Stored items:
________________
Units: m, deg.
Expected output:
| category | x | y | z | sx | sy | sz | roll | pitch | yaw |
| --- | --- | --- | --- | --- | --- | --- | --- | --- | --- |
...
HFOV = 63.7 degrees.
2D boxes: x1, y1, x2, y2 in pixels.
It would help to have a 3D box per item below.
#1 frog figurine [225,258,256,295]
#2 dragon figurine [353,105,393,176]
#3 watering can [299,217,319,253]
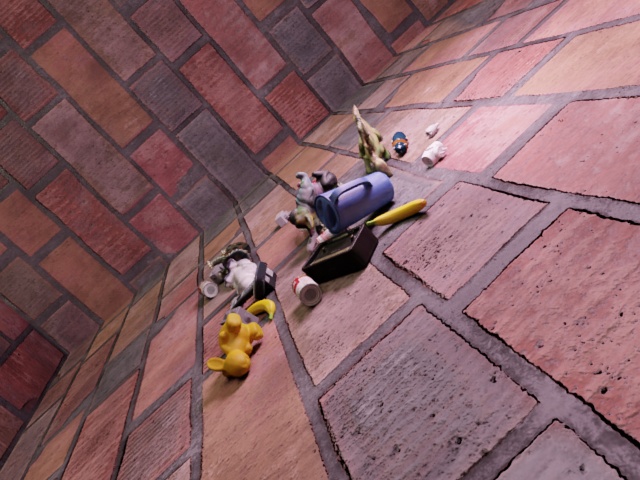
| category | x | y | z | sx | sy | sz | roll | pitch | yaw |
| --- | --- | --- | --- | --- | --- | --- | --- | --- | --- |
| frog figurine | -0.280 | 0.150 | 1.972 | 0.160 | 0.121 | 0.138 | 21 | 85 | 35 |
| dragon figurine | 0.178 | -0.399 | 1.954 | 0.122 | 0.417 | 0.239 | -25 | -21 | 6 |
| watering can | 0.006 | -0.097 | 1.932 | 0.223 | 0.102 | 0.355 | -35 | 33 | 11 |
________________
ASSIGNMENT: Copy out every line of the data above, taking care to leave the pictures out.

TASK RESPONSE:
Units: m, deg.
Expected output:
| category | x | y | z | sx | sy | sz | roll | pitch | yaw |
| --- | --- | --- | --- | --- | --- | --- | --- | --- | --- |
...
HFOV = 63.7 degrees.
2D boxes: x1, y1, x2, y2 in pixels.
It would help to have a 3D box per item below.
#1 frog figurine [225,258,256,295]
#2 dragon figurine [353,105,393,176]
#3 watering can [299,217,319,253]
| category | x | y | z | sx | sy | sz | roll | pitch | yaw |
| --- | --- | --- | --- | --- | --- | --- | --- | --- | --- |
| frog figurine | -0.280 | 0.150 | 1.972 | 0.160 | 0.121 | 0.138 | 21 | 85 | 35 |
| dragon figurine | 0.178 | -0.399 | 1.954 | 0.122 | 0.417 | 0.239 | -25 | -21 | 6 |
| watering can | 0.006 | -0.097 | 1.932 | 0.223 | 0.102 | 0.355 | -35 | 33 | 11 |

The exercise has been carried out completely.